UNITED STATES COURT OF APPEALS FOR THE SECOND CIRCUIT
Apr 13, 2021
No. 20-1705 (2d Cir. Apr. 13, 2021)

Opinion

No. 20-1705

04-13-2021

SCOTT PELLEGRINO, on behalf of himself and all others similarly situated, CHRISTINE VANOSTRAND, on behalf of herself and all others similarly situated, Plaintiffs-Appellants, v. NEW YORK STATE UNITED TEACHERS, UNITED TEACHERS OF NORTHPORT, as representative of the class of all chapters and affiliates of NEW YORK STATE UNITED TEACHERS, Defendants-Appellees, NORTHPORT-EAST NORTHPORT UNION FREE SCHOOL DISTRICT, as representative of the class of all school districts in the State of New York, ANDREW CUOMO, in his official capacity as Governor of New York, LETITIA A. JAMES, in her official capacity as Attorney General of New York, JOHN WIRENIUS, in his official capacity as chair of the New York Public Employment Relations Board, ROBERT HITE, in his official capacity as member of the New York Public Employment Relations Board, Defendants.

FOR PLAINTIFFS-APPELLANTS: Jonathan F. Mitchell, Mitchell Law PLLC, Austin, TX. Paul Niehaus, Kirsch & Niehaus, New York, NY. Talcott J. Franklin, Shannon W. Conway, Talcott Franklin PC, Dallas, TX. FOR DEFENDANTS-APPELLEES: Charles G. Moerdler, Alan M. Klinger, Dina Kolker, Arthur J. Herskowitz, Stroock & Stroock & Lavan LLP, New York, NY. Robert T. Reilly, Esq., Michael J. Del Piano, Esq., Edward J. Greene, Jr., Esq., Andrea A. Wanner, Esq. FOR DEFENDANT: David F. Kwee, Ingerman Smith, L.L.P., Hauppauge, NY, for Northport-East Northport Union Free School District. FOR AMICUS CURIAE: Letitia James, Barbara D. Underwood, Anisha S. Dasgupta, Matthew W. Grieco, for State of New York.


SUMMARY ORDER

RULINGS BY SUMMARY ORDER DO NOT HAVE PRECEDENTIAL EFFECT. CITATION TO A SUMMARY ORDER FILED ON OR AFTER JANUARY 1, 2007, IS PERMITTED AND IS GOVERNED BY FEDERAL RULE OF APPELLATE PROCEDURE 32.1 AND THIS COURT'S LOCAL RULE 32.1.1. WHEN CITING A SUMMARY ORDER IN A DOCUMENT FILED WITH THIS COURT, A PARTY MUST CITE EITHER THE FEDERAL APPENDIX OR AN ELECTRONIC DATABASE (WITH THE NOTATION "SUMMARY ORDER").

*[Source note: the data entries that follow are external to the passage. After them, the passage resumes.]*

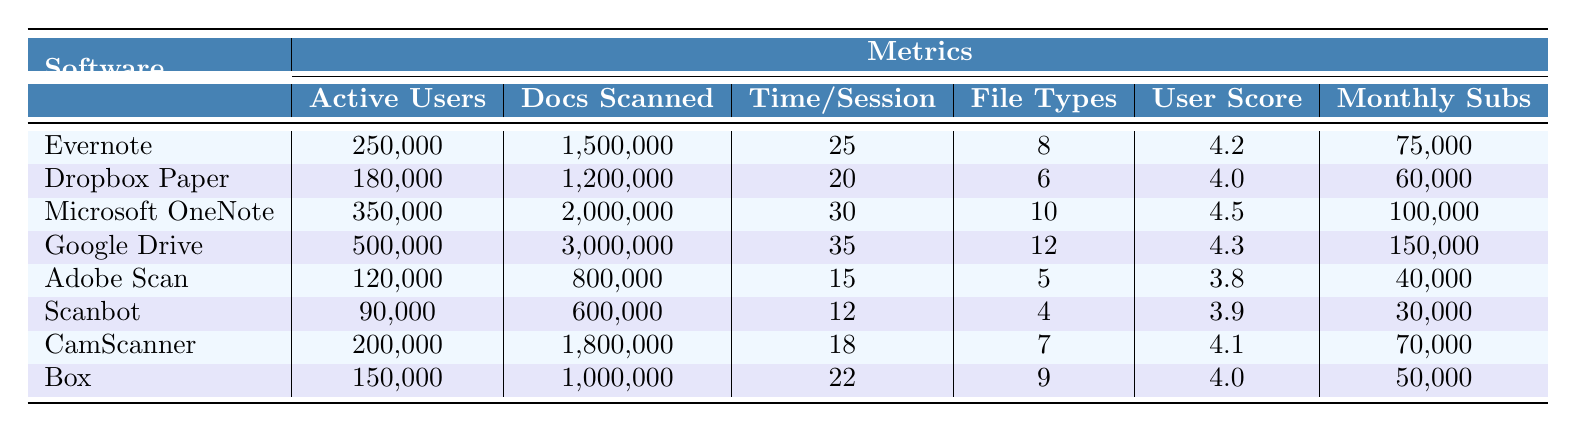What is the software with the highest user satisfaction score? By examining the User Satisfaction Score column, I can identify Microsoft OneNote with a score of 4.5 as the highest.
Answer: Microsoft OneNote How many documents did Google Drive scan? In the table, the Documents Scanned column shows that Google Drive has scanned 3,000,000 documents.
Answer: 3,000,000 What is the difference in active users between Evernote and Adobe Scan? Evernote has 250,000 active users while Adobe Scan has 120,000. The difference is calculated by subtracting: 250,000 - 120,000 = 130,000.
Answer: 130,000 Is the average time spent per session for Dropbox Paper and CamScanner greater than 20 minutes? For Dropbox Paper, the Time Spent Per Session is 20 minutes, and for CamScanner, it is 18 minutes. The average is (20 + 18) / 2 = 19, which is less than 20.
Answer: No Which software has the lowest number of documents scanned in the table? The Documents Scanned column reveals that Scanbot has scanned 600,000 documents, which is the lowest count when compared to all other software.
Answer: Scanbot What is the total number of active users across all the software listed in the table? Adding the active users together: 250,000 + 180,000 + 350,000 + 500,000 + 120,000 + 90,000 + 200,000 + 150,000 gives a total of 1,840,000 active users.
Answer: 1,840,000 Are there more monthly subscriptions for Google Drive than for Microsoft OneNote? Google Drive has 150,000 monthly subscriptions while Microsoft OneNote has 100,000. Since 150,000 is greater than 100,000, the answer is yes.
Answer: Yes What is the average user satisfaction score for the software tools presented? The scores are 4.2, 4.0, 4.5, 4.3, 3.8, 3.9, 4.1, and 4.0, totaling 33.8. Calculating the average: 33.8 / 8 = 4.225, rounding to two decimal places gives approximately 4.23.
Answer: 4.23 Which software has the highest number of file types supported? Looking at the File Types Supported column, Google Drive has the highest count with 12 file types supported.
Answer: Google Drive What is the total number of documents scanned by the software based in North America? Summing the documents scanned for Evernote (1,500,000) and CamScanner (1,800,000) gives 1,500,000 + 1,800,000 = 3,300,000 documents scanned in total.
Answer: 3,300,000 
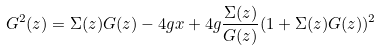Convert formula to latex. <formula><loc_0><loc_0><loc_500><loc_500>G ^ { 2 } ( z ) = \Sigma ( z ) G ( z ) - 4 g x + 4 g { \frac { \Sigma ( z ) } { G ( z ) } } ( 1 + \Sigma ( z ) G ( z ) ) ^ { 2 }</formula>

A PARTY CITING TO A SUMMARY ORDER MUST SERVE A COPY OF IT ON ANY PARTY NOT REPRESENTED BY COUNSEL.

At a stated term of the United States Court of Appeals for the Second Circuit, held at the Thurgood Marshall United States Courthouse, 40 Foley Square, in the City of New York, on the 13th day of April, two thousand twenty-one. PRESENT: RICHARD C. WESLEY, SUSAN L. CARNEY, WILLIAM J. NARDINI, Circuit Judges. FOR PLAINTIFFS-APPELLANTS: Jonathan F. Mitchell, Mitchell Law PLLC, Austin, TX. Paul Niehaus, Kirsch & Niehaus, New York, NY. Talcott J. Franklin, Shannon W. Conway, Talcott Franklin PC, Dallas, TX. FOR DEFENDANTS-APPELLEES: Charles G. Moerdler, Alan M. Klinger, Dina Kolker, Arthur J. Herskowitz, Stroock & Stroock & Lavan LLP, New York, NY. Robert T. Reilly, Esq., Michael J. Del Piano, Esq., Edward J. Greene, Jr., Esq., Andrea A. Wanner, Esq. FOR DEFENDANT: David F. Kwee, Ingerman Smith, L.L.P., Hauppauge, NY, for Northport-East Northport Union Free School District. FOR AMICUS CURIAE: Letitia James, Barbara D. Underwood, Anisha S. Dasgupta, Matthew W. Grieco, for State of New York.

Appeal from a judgment of the United States District Court for the Eastern District of New York (Garaufis, J.).

UPON DUE CONSIDERATION WHEREOF, IT IS HEREBY ORDERED, ADJUDGED, AND DECREED that the judgment entered on May 1, 2020, is AFFIRMED.

Plaintiffs-Appellants Scott Pellegrino and Christine VanOstrand, on behalf of themselves and others similarly situated, appeal from the dismissal of their complaint seeking the return of fees that they paid unwillingly to a New York state teachers' union, before the Supreme Court invalidated the collection of such fees from non-consenting employees in Janus v. Am. Fed'n of State, Cnty., & Mun. Emps., Council 31, 138 S. Ct. 2448 (2018).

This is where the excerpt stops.